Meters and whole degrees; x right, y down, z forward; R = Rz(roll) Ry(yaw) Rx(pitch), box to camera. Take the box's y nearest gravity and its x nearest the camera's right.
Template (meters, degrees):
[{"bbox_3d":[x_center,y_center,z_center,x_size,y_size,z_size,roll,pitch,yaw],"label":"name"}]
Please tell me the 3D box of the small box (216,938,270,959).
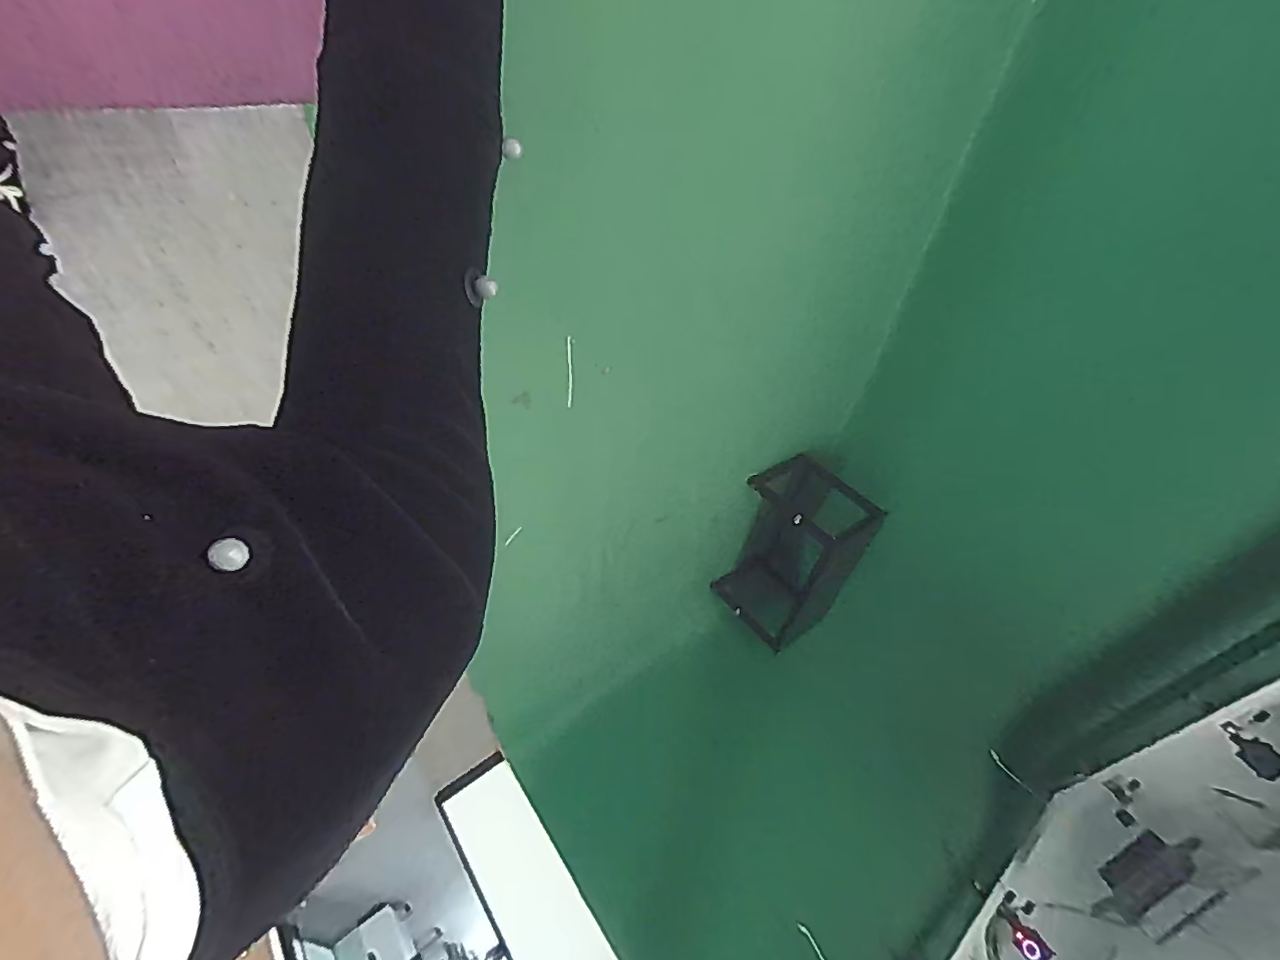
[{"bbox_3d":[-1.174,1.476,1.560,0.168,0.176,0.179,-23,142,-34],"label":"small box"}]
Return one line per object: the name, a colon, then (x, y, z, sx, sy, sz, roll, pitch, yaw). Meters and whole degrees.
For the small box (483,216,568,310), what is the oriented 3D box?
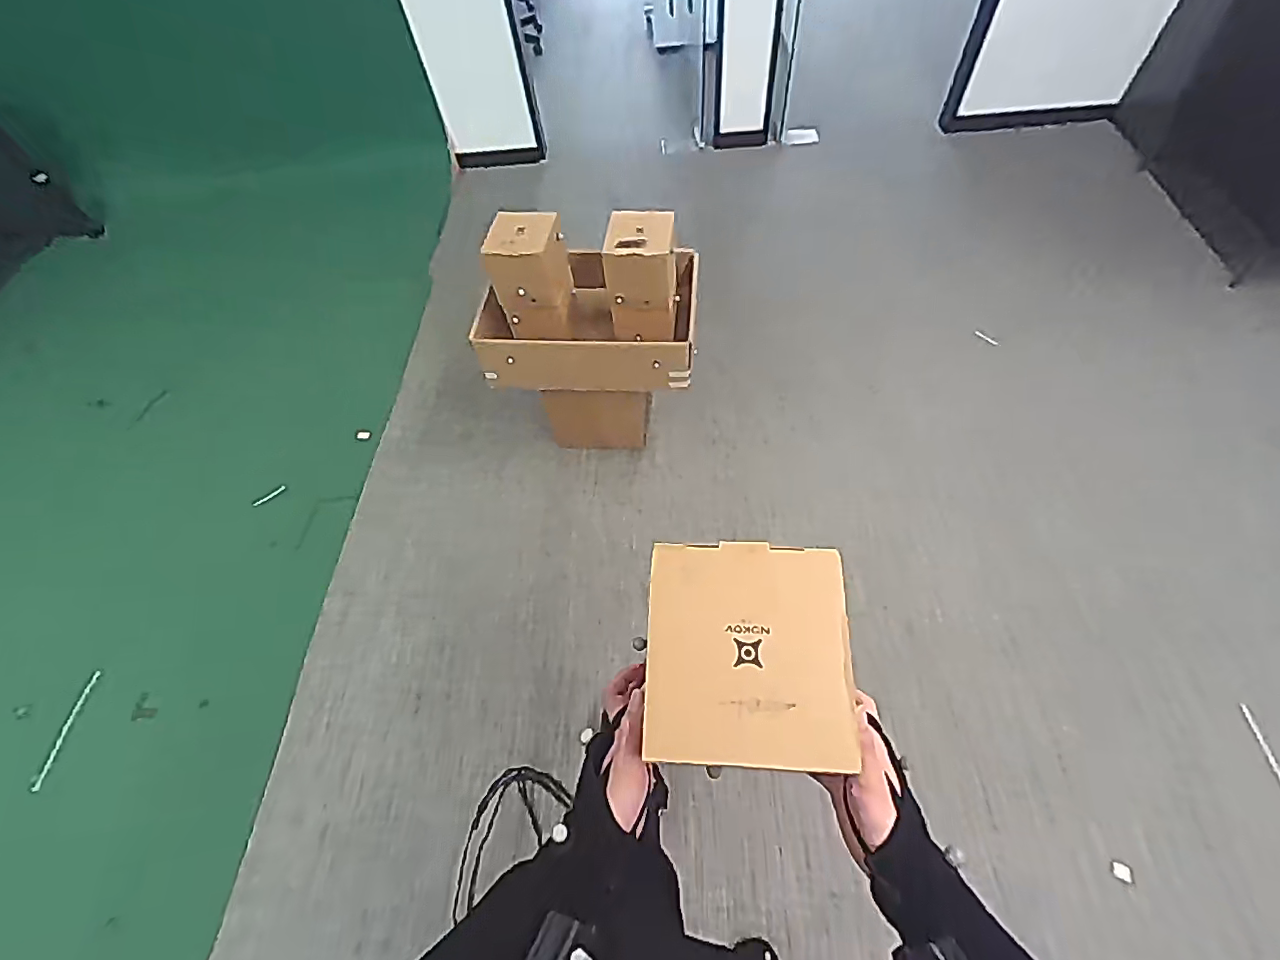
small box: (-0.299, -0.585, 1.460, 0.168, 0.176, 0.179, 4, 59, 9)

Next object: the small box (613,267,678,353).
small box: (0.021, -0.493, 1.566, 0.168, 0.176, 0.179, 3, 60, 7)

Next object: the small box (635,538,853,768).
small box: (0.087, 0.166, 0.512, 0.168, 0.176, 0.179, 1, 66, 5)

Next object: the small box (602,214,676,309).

—————

§ **Directions for this task**: Each line in the records above that contains the word "pitch" must be copied.

§ **Exercise solution**:
Meters and whole degrees; x right, y down, z forward; R = Rz(roll) Ry(yaw) Rx(pitch), box to camera. Take the box's y nearest gravity and its x nearest the camera's right.
[{"bbox_3d":[x_center,y_center,z_center,x_size,y_size,z_size,roll,pitch,yaw],"label":"name"}]
Return one line per object: the name, a colon, then (x, y, z, sx, sy, sz, roll, pitch, yaw). Meters and whole degrees.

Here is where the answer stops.